In general, explicit algorithms tend to be easier to implement than implicit algorithms, and are less computationally demanding for a given step size. However, for (dynamically) stable ODEs with a fast decaying or highly oscillatory mode, the explicit Euler method demands small step sizes. These types of ODE are called “stiff”. For these problems, implicit methods tend to be better due to their generally superior stability. Amongst the implicit methods, the implicit implicit Euler method is particularly stable.

How is stability assessed in practical problems?

Comparison of the local and global errors can give us an indication of the stability properties of the algorithm. The local errors generally ought to remain proportional to the size of the neglected terms in the truncated expansion. If these errors are growing then the algorithm is not stable.

The size of the error at each step depends on the method used and also the problem being solved. In particular, it depends on how large the gradient is. To account for this, and to produce a reliable result within specified error tolerances, many algorithms use adaptive step size methods, in which the error is estimated at each step by comparing the results from algorithms with different numbers of stages. The step size can then be decreased in regions where the tolerance would be exceeded. The scipy package offers a built-in algorithm that does exactly this, called integrate.solve_ivp

4.6. Trapezoidal rule

Taking the average of the forward and backward difference formulae gives

(4.9)\[y_{k+1}=y_k+\frac{h}{2}\biggr[f(x_k,y_k)+f(x_{k+1},y_{k+1})\biggr]\]

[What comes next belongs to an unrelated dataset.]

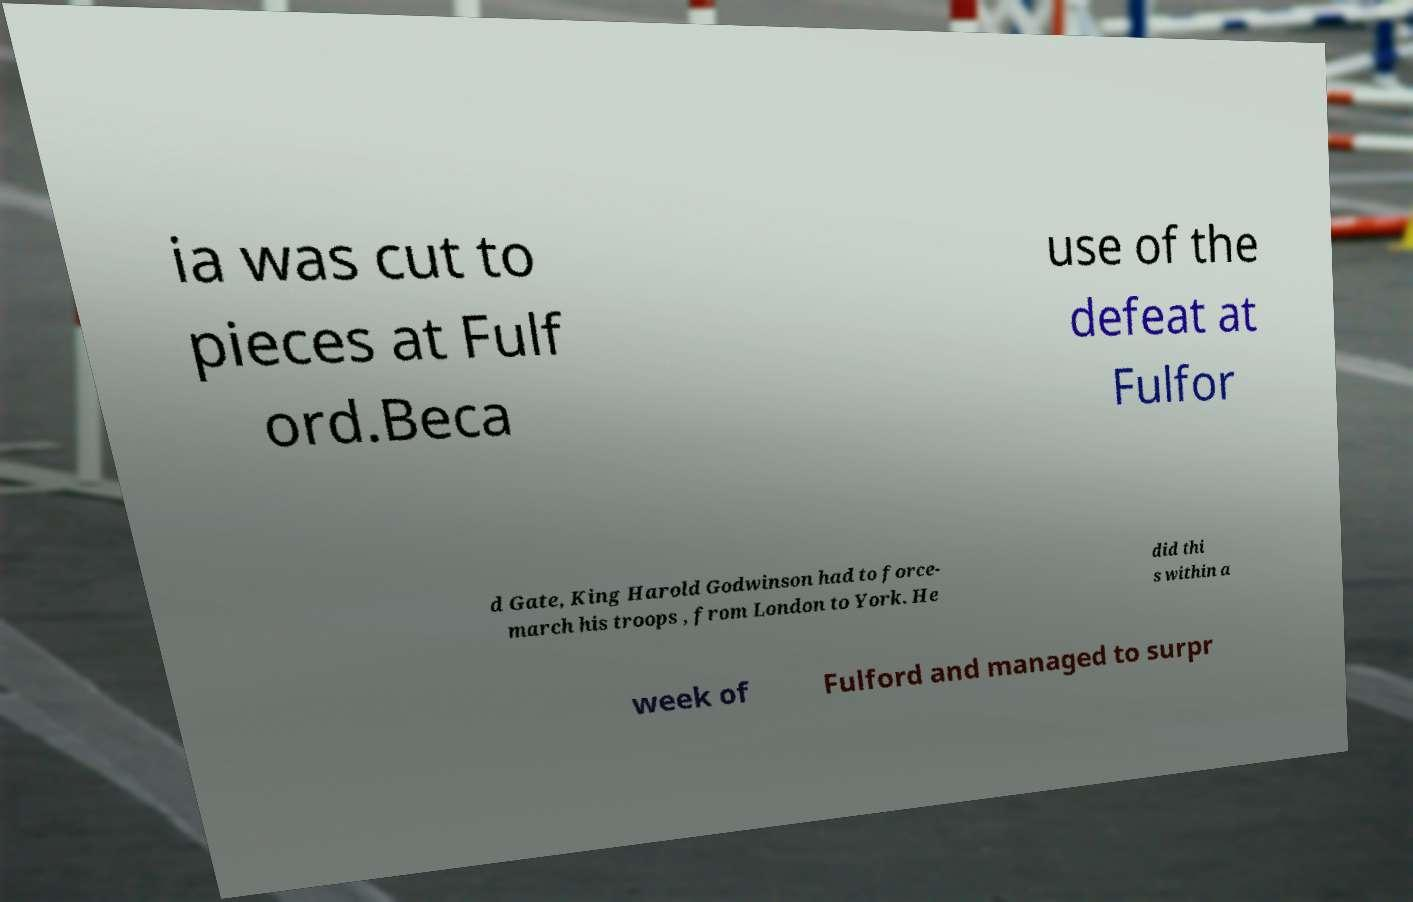There's text embedded in this image that I need extracted. Can you transcribe it verbatim? ia was cut to pieces at Fulf ord.Beca use of the defeat at Fulfor d Gate, King Harold Godwinson had to force- march his troops , from London to York. He did thi s within a week of Fulford and managed to surpr

This result is equivalent to approximating the integral using the trapezium rule. It can be shown that the global error in this formula is \(\mathcal{O}(h^2)\), whilst the global errors in the explicit and implicit Euler methods are both \(\mathcal{O}(h)\).

The trapezoidal rule is also an implicit rule. It can be implemented using a minimal modification of the backward difference algorithm outlined above. The implicit Euler method is more stable than the trapezoidal method.